I have written blog posts in the past describing deep, painful and raw emotions, usually without hesitation. Why was writing about the feelings surrounding my stepfather’s death so difficult? How did I get so lost so easily? Truly experiencing grief is my conclusion.

Several times it has been suggested that I need to grieve what I lost because of the abuse, not just in general but specifics. For example, I cannot just say I need to grieve the loss of my childhood, I need to specifically grieve the fact I learned about oral sex as a 3-½ year old, that bath time was usually terrifying and safety became a foreign concept.

Knowing I need to grieve these things and others seems daunting, unfamiliar. I have never grieved any of it. I could define it if asked but had never really felt grief, especially an overpowering grief, until my stepfather died.

My stepfather was the closest person in my life to die and it was unexpected. The numbness and shock took over when I had to face the reality he was not going to make it through surgery and it carried me through the next day. The few days following were a blur of family arriving, shopping for “funeral” clothes, and service arrangements. In the midst of it all I allowed myself to cry, a privilege I rarely give myself. I felt the impact of the loss. I chose not to stuff my feelings and tears. I fought through the desire to isolate myself and just hide. After his service I lost it. I actually sobbed without shame, laid it all out and did not hold back. I felt better and released if you will. I experienced grief and finally understood what it meant, raw emotions that have to be experienced in order to move forward.
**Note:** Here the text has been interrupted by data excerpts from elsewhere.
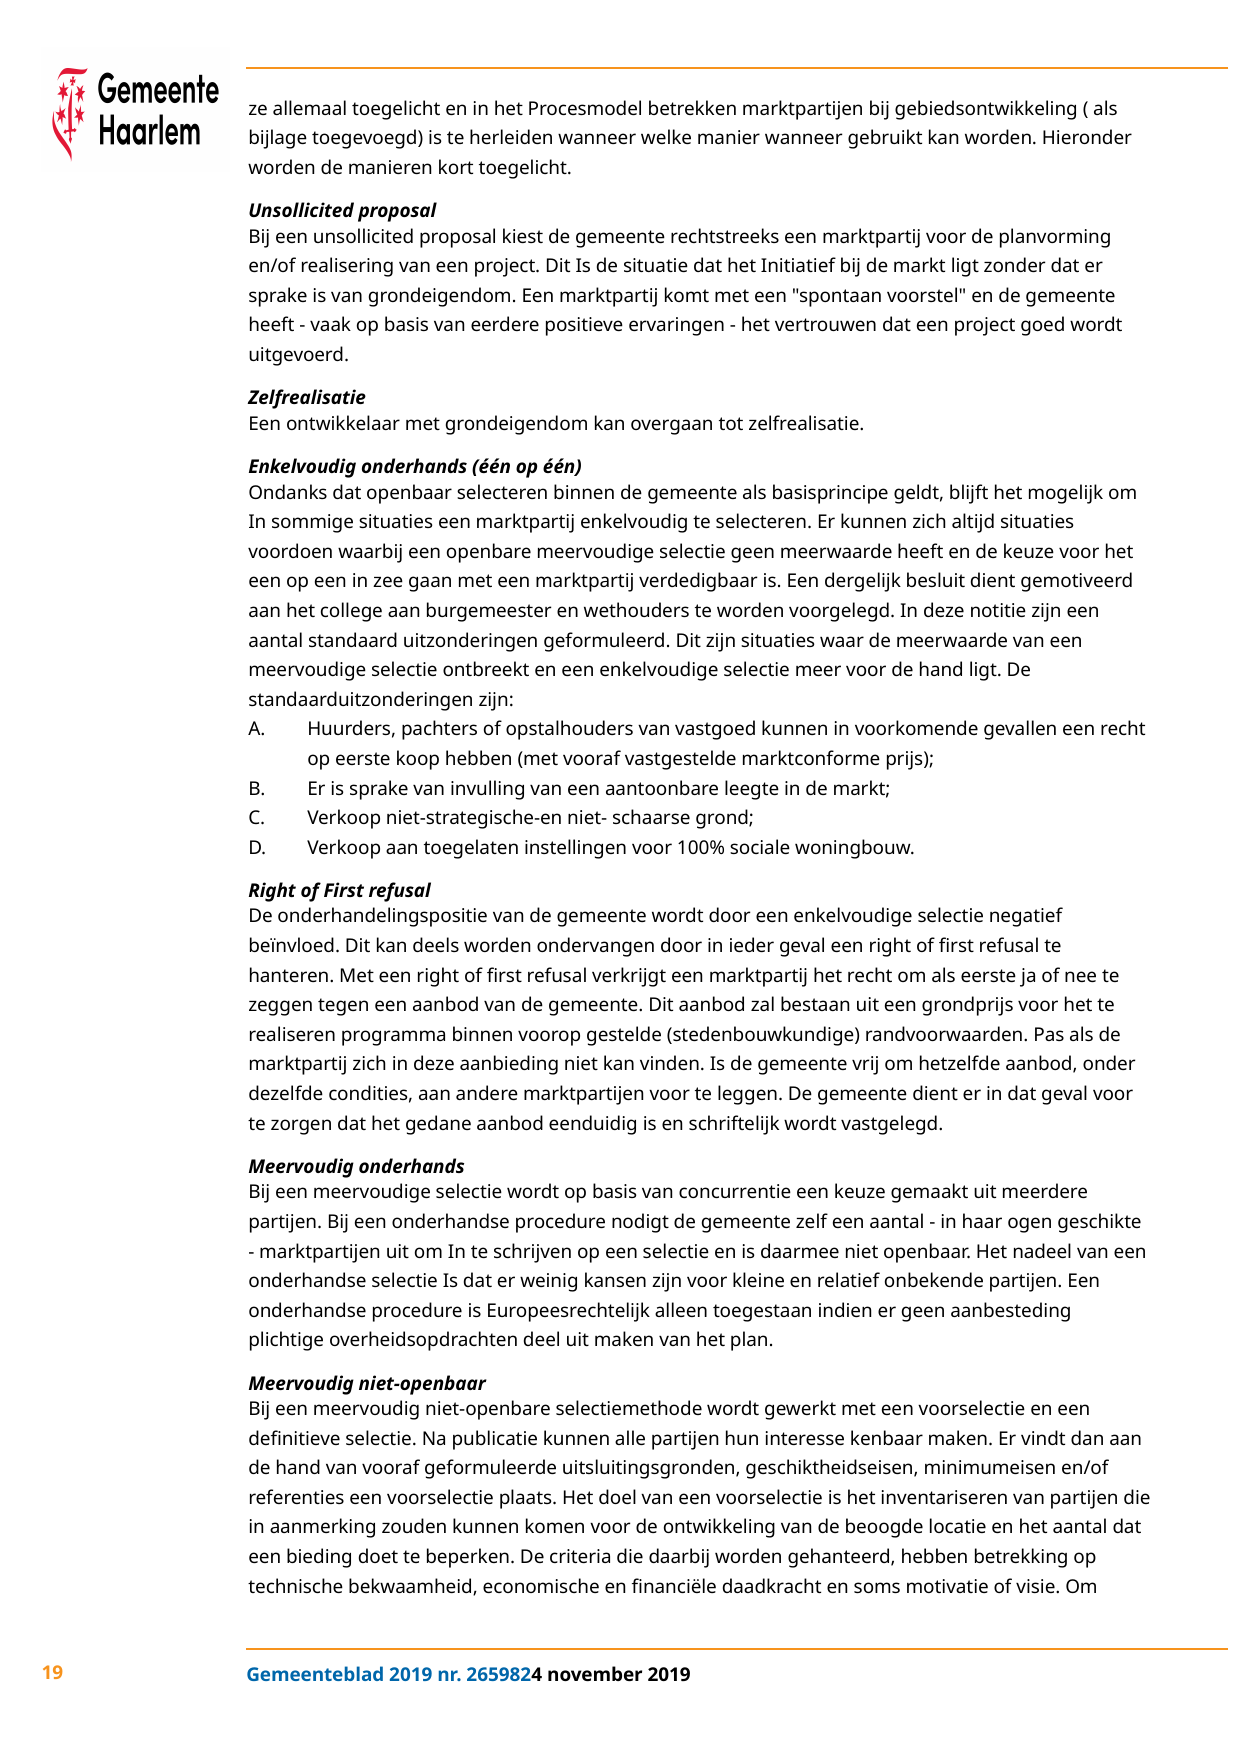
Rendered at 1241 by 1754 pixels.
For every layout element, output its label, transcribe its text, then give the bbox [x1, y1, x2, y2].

text Meervoudig niet-openbaar [248, 1370, 1152, 1395]
text Ondanks dat openbaar selecteren binnen de gemeente als basisprincipe geldt, blijft het mogelijk om In sommige situaties een marktpartij enkelvoudig te selecteren. Er kunnen zich altijd situaties voordoen waarbij een openbare meervoudige selectie geen meerwaarde heeft en de keuze voor het een op een in zee gaan met een marktpartij verdedigbaar is. Een dergelijk besluit dient gemotiveerd aan het college aan burgemeester en wethouders te worden voorgelegd. In deze notitie zijn een aantal standaard uitzonderingen geformuleerd. Dit zijn situaties waar de meerwaarde van een meervoudige selectie ontbreekt en een enkelvoudige selectie meer voor de hand ligt. De standaarduitzonderingen zijn: [248, 479, 1152, 712]
text Right of First refusal [248, 877, 1152, 903]
text Bij een unsollicited proposal kiest de gemeente rechtstreeks een marktpartij voor de planvorming en/of realisering van een project. Dit Is de situatie dat het Initiatief bij de markt ligt zonder dat er sprake is van grondeigendom. Een marktpartij komt met een "spontaan voorstel" en de gemeente heeft - vaak op basis van eerdere positieve ervaringen - het vertrouwen dat een project goed wordt uitgevoerd. [248, 223, 1152, 367]
text ze allemaal toegelicht en in het Procesmodel betrekken marktpartijen bij gebiedsontwikkeling ( als bijlage toegevoegd) is te herleiden wanneer welke manier wanneer gebruikt kan worden. Hieronder worden de manieren kort toegelicht. [248, 95, 1152, 180]
text Bij een meervoudige selectie wordt op basis van concurrentie een keuze gemaakt uit meerdere partijen. Bij een onderhandse procedure nodigt de gemeente zelf een aantal - in haar ogen geschikte - marktpartijen uit om In te schrijven op een selectie en is daarmee niet openbaar. Het nadeel van een onderhandse selectie Is dat er weinig kansen zijn voor kleine en relatief onbekende partijen. Een onderhandse procedure is Europeesrechtelijk alleen toegestaan indien er geen aanbesteding plichtige overheidsopdrachten deel uit maken van het plan. [248, 1179, 1152, 1352]
text De onderhandelingspositie van de gemeente wordt door een enkelvoudige selectie negatief beïnvloed. Dit kan deels worden ondervangen door in ieder geval een right of first refusal te hanteren. Met een right of first refusal verkrijgt een marktpartij het recht om als eerste ja of nee te zeggen tegen een aanbod van de gemeente. Dit aanbod zal bestaan uit een grondprijs voor het te realiseren programma binnen voorop gestelde (stedenbouwkundige) randvoorwaarden. Pas als de marktpartij zich in deze aanbieding niet kan vinden. Is de gemeente vrij om hetzelfde aanbod, onder dezelfde condities, aan andere marktpartijen voor te leggen. De gemeente dient er in dat geval voor te zorgen dat het gedane aanbod eenduidig is en schriftelijk wordt vastgelegd. [248, 903, 1152, 1136]
text Een ontwikkelaar met grondeigendom kan overgaan tot zelfrealisatie. [248, 410, 1152, 436]
list Verkoop niet-strategische-en niet- schaarse grond; [248, 804, 1152, 830]
text Bij een meervoudig niet-openbare selectiemethode wordt gewerkt met een voorselectie en een definitieve selectie. Na publicatie kunnen alle partijen hun interesse kenbaar maken. Er vindt dan aan de hand van vooraf geformuleerde uitsluitingsgronden, geschiktheidseisen, minimumeisen en/of referenties een voorselectie plaats. Het doel van een voorselectie is het inventariseren van partijen die in aanmerking zouden kunnen komen voor de ontwikkeling van de beoogde locatie en het aantal dat een bieding doet te beperken. De criteria die daarbij worden gehanteerd, hebben betrekking op technische bekwaamheid, economische en financiële daadkracht en soms motivatie of visie. Om [248, 1395, 1152, 1599]
list Er is sprake van invulling van een aantoonbare leegte in de markt; [248, 775, 1152, 800]
list Verkoop aan toegelaten instellingen voor 100% sociale woningbouw. [248, 834, 1152, 859]
list Huurders, pachters of opstalhouders van vastgoed kunnen in voorkomende gevallen een recht op eerste koop hebben (met vooraf vastgestelde marktconforme prijs); [248, 716, 1152, 771]
text Meervoudig onderhands [248, 1153, 1152, 1179]
picture [41, 47, 231, 172]
text Enkelvoudig onderhands (één op één) [248, 453, 1152, 479]
text Zelfrealisatie [248, 384, 1152, 410]
text Unsollicited proposal [248, 197, 1152, 223]
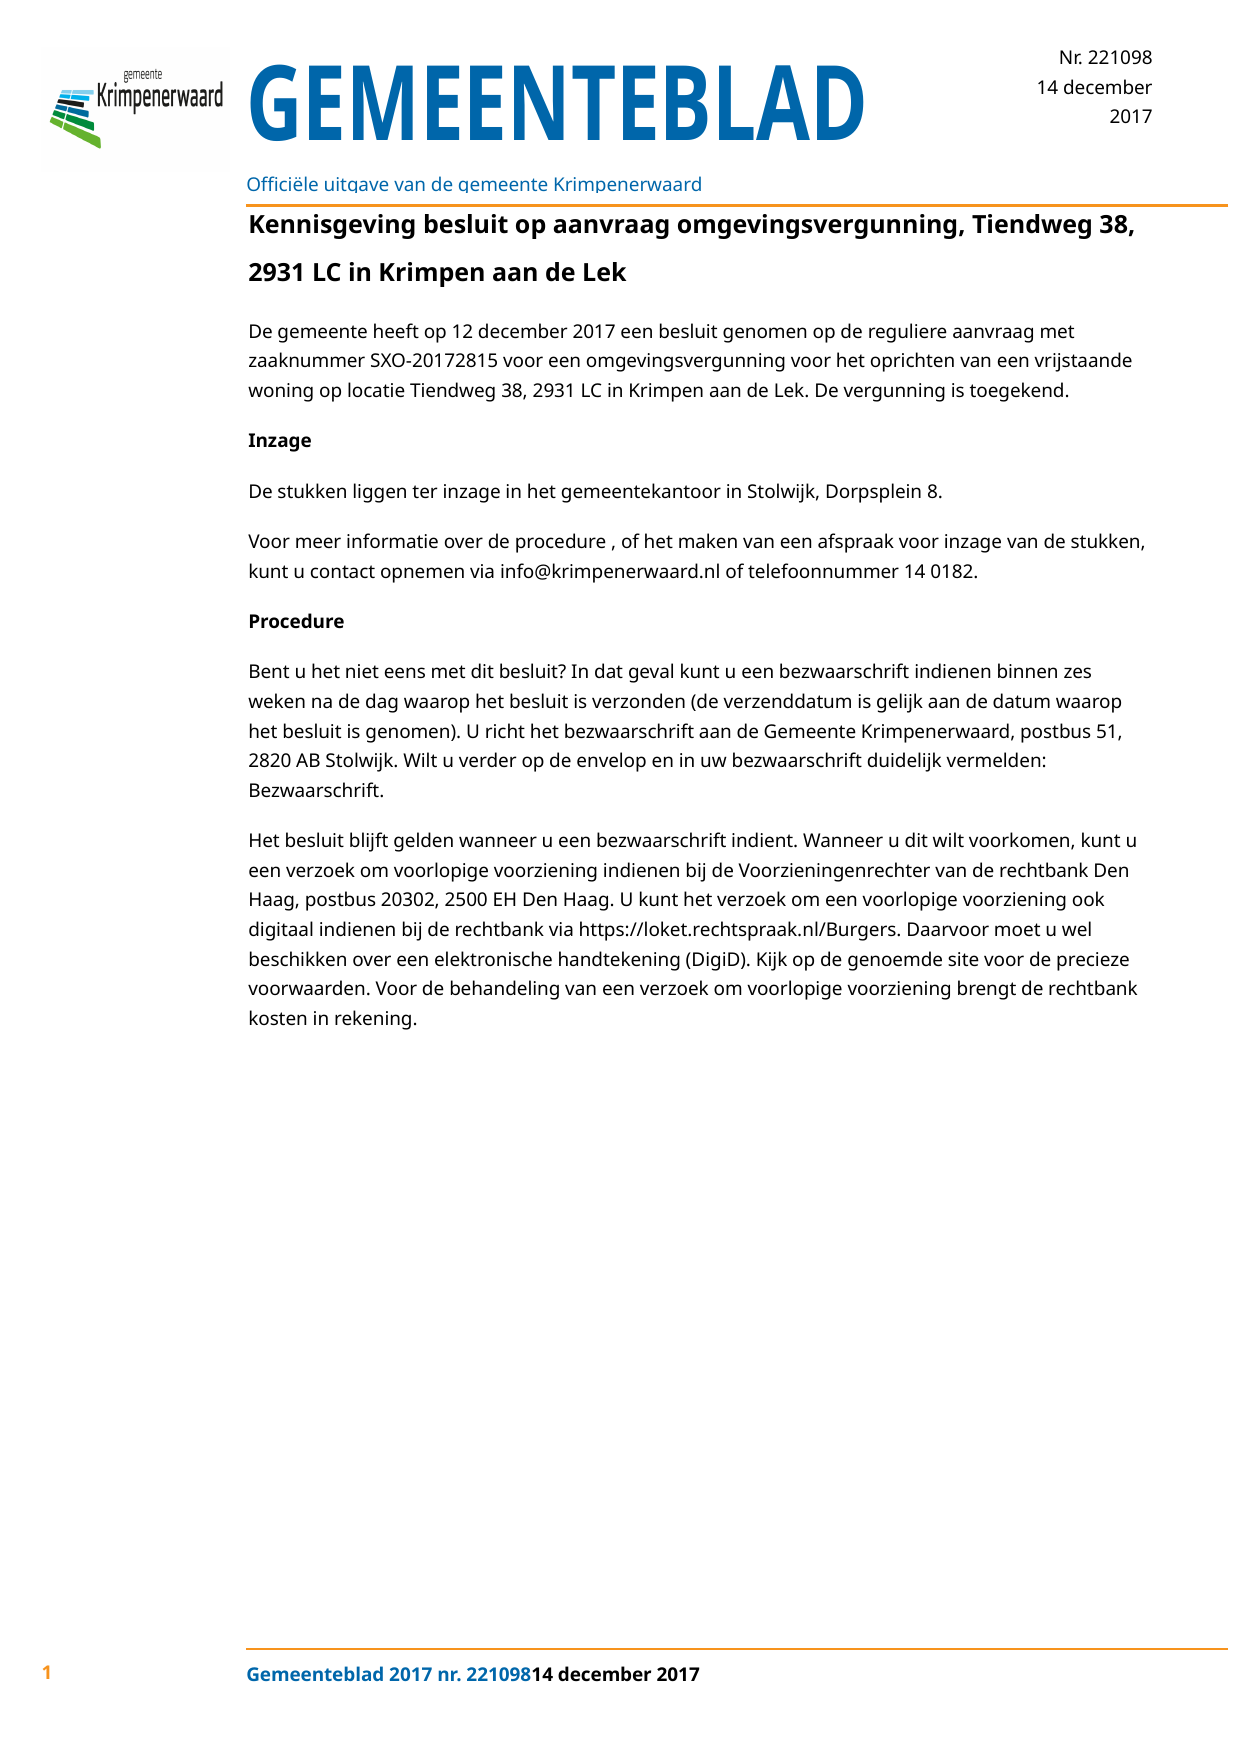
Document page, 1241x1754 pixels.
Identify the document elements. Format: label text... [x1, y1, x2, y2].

text De gemeente heeft op 12 december 2017 een besluit genomen op de reguliere aanvraag met zaaknummer SXO-20172815 voor een omgevingsvergunning voor het oprichten van een vrijstaande woning op locatie Tiendweg 38, 2931 LC in Krimpen aan de Lek. De vergunning is toegekend. [248, 318, 1152, 403]
text Het besluit blijft gelden wanneer u een bezwaarschrift indient. Wanneer u dit wilt voorkomen, kunt u een verzoek om voorlopige voorziening indienen bij de Voorzieningenrechter van de rechtbank Den Haag, postbus 20302, 2500 EH Den Haag. U kunt het verzoek om een voorlopige voorziening ook digitaal indienen bij de rechtbank via https://loket.rechtspraak.nl/Burgers. Daarvoor moet u wel beschikken over een elektronische handtekening (DigiD). Kijk op de genoemde site voor de precieze voorwaarden. Voor de behandeling van een verzoek om voorlopige voorziening brengt de rechtbank kosten in rekening. [248, 827, 1152, 1031]
text Procedure [248, 608, 1152, 634]
text Bent u het niet eens met dit besluit? In dat geval kunt u een bezwaarschrift indienen binnen zes weken na de dag waarop het besluit is verzonden (de verzenddatum is gelijk aan de datum waarop het besluit is genomen). U richt het bezwaarschrift aan de Gemeente Krimpenerwaard, postbus 51, 2820 AB Stolwijk. Wilt u verder op de envelop en in uw bezwaarschrift duidelijk vermelden: Bezwaarschrift. [248, 659, 1152, 803]
text De stukken liggen ter inzage in het gemeentekantoor in Stolwijk, Dorpsplein 8. [248, 478, 1152, 504]
text Kennisgeving besluit op aanvraag omgevingsvergunning, Tiendweg 38, 2931 LC in Krimpen aan de Lek [248, 207, 1152, 288]
text Voor meer informatie over de procedure , of het maken van een afspraak voor inzage van de stukken, kunt u contact opnemen via info@krimpenerwaard.nl of telefoonnummer 14 0182. [248, 528, 1152, 584]
picture [41, 47, 231, 172]
text Inzage [248, 427, 1152, 453]

I am still of course grieving his loss but I do not feel like I have held anything back. I have faced it head on many times. I wish I could do this with my childhood abuse.

I did not realize the extent of what I lost to the abuse until I became an adult in the midst of recovery. By then I had become an expert at denying and stuffing my feelings. They were dormant for so long, undiscovered and uncomfortable. Prying them loose is tough and I am fearful of their power.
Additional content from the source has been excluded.